[DIVERSITHEQUE] Chronique de The Cost of Knowing de Brittney Morris

Résumé : Alex Rufus, 16 ans, fait de son mieux. Il essaie d’être le meilleur employé possible au magasin de crème glacée local, le meilleur petit ami qu’il puisse être pour Talia, le meilleur protecteur pour son petit frère, Isaiah. Mais même si Alex essaie, il échoue souvent.
Il lui est difficile d’être présent quand à chaque fois qu’il touche un objet ou une personne, Alex voit dans son avenir. Lorsqu’il touche une cuillère, il a une vision de lui l’utilisant pour creuser la crème glacée. Quand il touche sa voiture, il la voit dans des années, cabossée et sous l’eau. Lorsqu’il touche Talia, il les voit au bord de la rupture, et cela le terrifie. Alex pense que ces visions sont une malédiction, le distrayant, le rendant anxieux et incapable de vivre une vie ordinaire.
Et quand Alex touche une photo qui lui donne une vision de la mort imminente de son frère, tout change.
Avec Alex maintenant dans une course contre le temps, la mort et les circonstances, lui et Isaiah doivent se débattre avec leur passé, leur avenir et ce que cela signifie d’être un jeune homme Noir en Amérique dans le présent.

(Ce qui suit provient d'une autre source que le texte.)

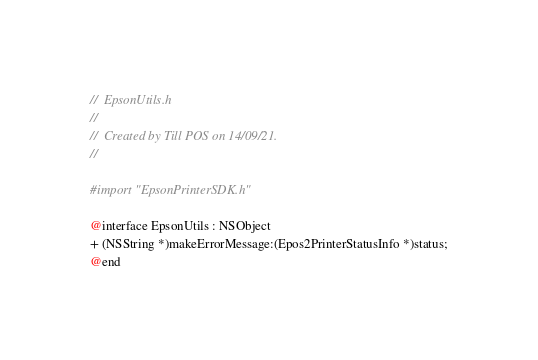<code> <loc_0><loc_0><loc_500><loc_500><_C_>//  EpsonUtils.h
//
//  Created by Till POS on 14/09/21.
//

#import "EpsonPrinterSDK.h"

@interface EpsonUtils : NSObject
+ (NSString *)makeErrorMessage:(Epos2PrinterStatusInfo *)status;
@end
</code> 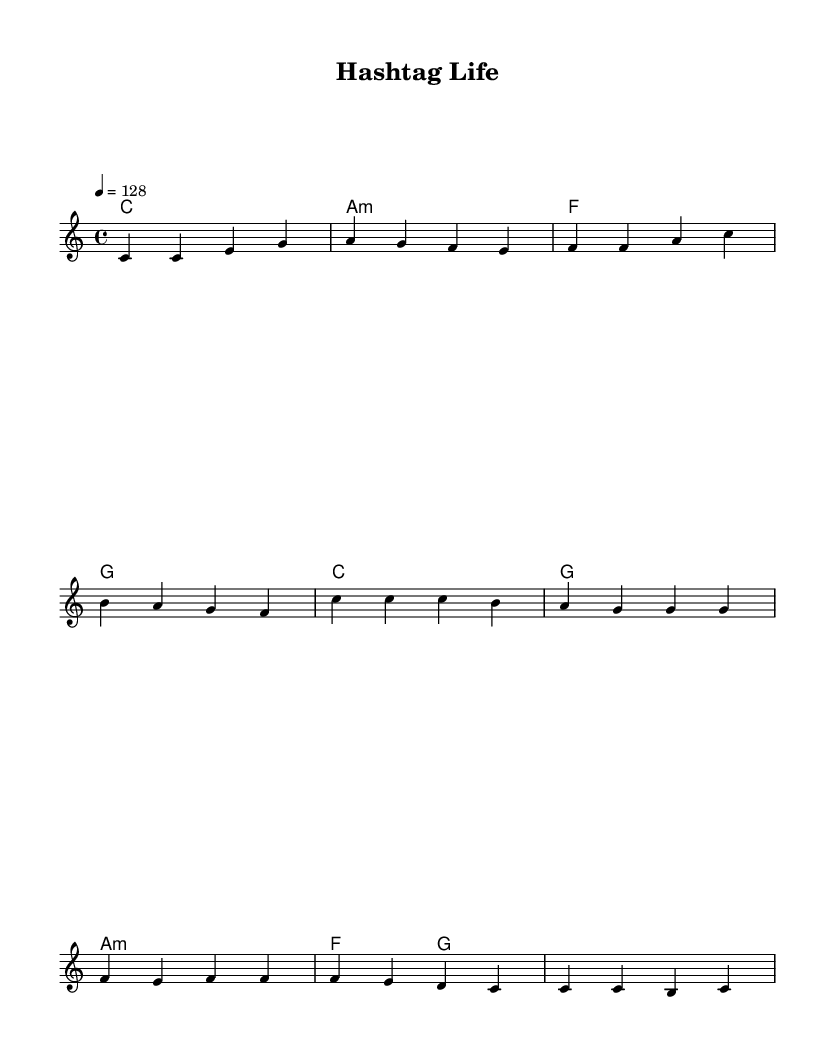What is the key signature of this music? The key signature is C major, which has no sharps or flats.
Answer: C major What is the time signature of this piece? The time signature is indicated as 4/4, meaning there are four beats per measure.
Answer: 4/4 What is the tempo of the song? The tempo is indicated with "4 = 128," meaning there are 128 beats per minute.
Answer: 128 How many measures are in the verse? The verse contains 4 measures as seen in the melody notation.
Answer: 4 Which chord precedes the chorus? The chord before the chorus is C major, which is the first chord in the chord progression.
Answer: C What is the main theme of the lyrics? The main theme revolves around life on social media, as indicated by the repeated use of "hashtag."
Answer: Hashtag life How do the word lengths in the chorus compare to those in the verse? The chorus has shorter syllables overall, with repetitive phrases that create a punchy rhythm.
Answer: Shorter

Editeur : Simon Schuster Books for Young Readers
Date de sortie : Avril 2021
Genre : YA, contemporain
Nombre de pages : 336

Radar à diversité : pp Noir et anxieux

L’avis de @planetediversite : The Cost of Knowing suit Alex un ado qui a perdu ses parents il y a plusieurs années et qui vit, avec son petit frère, chez sa tante. Il a aussi l’étrange capacité de voir le futur des objets et personnes qu’il touche. Tous les jours, toutes les minutes de sa vie il les passe à s’inquiéter de ce qu’il pourrait voir. Il fait toujours attention à ce qu’il touche. Alors quand Alex a une vision de l’enterrement de son frère, sa vie est chamboulée et il compte tout faire pour l’en empêcher dans cette société biaisée où le danger peut se trouver partout.
Le roman tourne autour de deux garçons qui ont du grandir trop vite et que la tragédie a fini par éloigner. L’autrice se concentre sur la pression, les traumas, la masculinité toxique. Elle y explore la famille, le poids qui pèse sur les épaules d’Alex qui se sent obligé de prendre soin de sa famille en oubliant qu’il n’est qu’un adolescent. J’ai beaucoup aimé ce personnage qui essaye vraiment de faire de son mieux malgré son anxiété, malgré les choses qu’il regrette. C’est vraiment sa relation avec son frère qui porte le roman. Le deuil qui les touche tous les deux est très fort et leur reconnexion l’est tout autant.
Le coup des visions finissent par contre par devenir très redondant. Je comprends qu’il faille insister dessus pour montrer à quel point la vie d’Alex est impactée par ce « don » mais les visions ralentissent pas mal le rythme à plusieurs reprises.

“Joy in the midst of oppression is its own kind of bravery.”

Les questions et les thèmes soulevés dans The Cost of Knowing frappent fort dans leur justesse et leur réalité. Un roman qui arrive à associer the Black Joy, la famille et les préjudices que vivent les hommes Noirs aux Etats-Unis.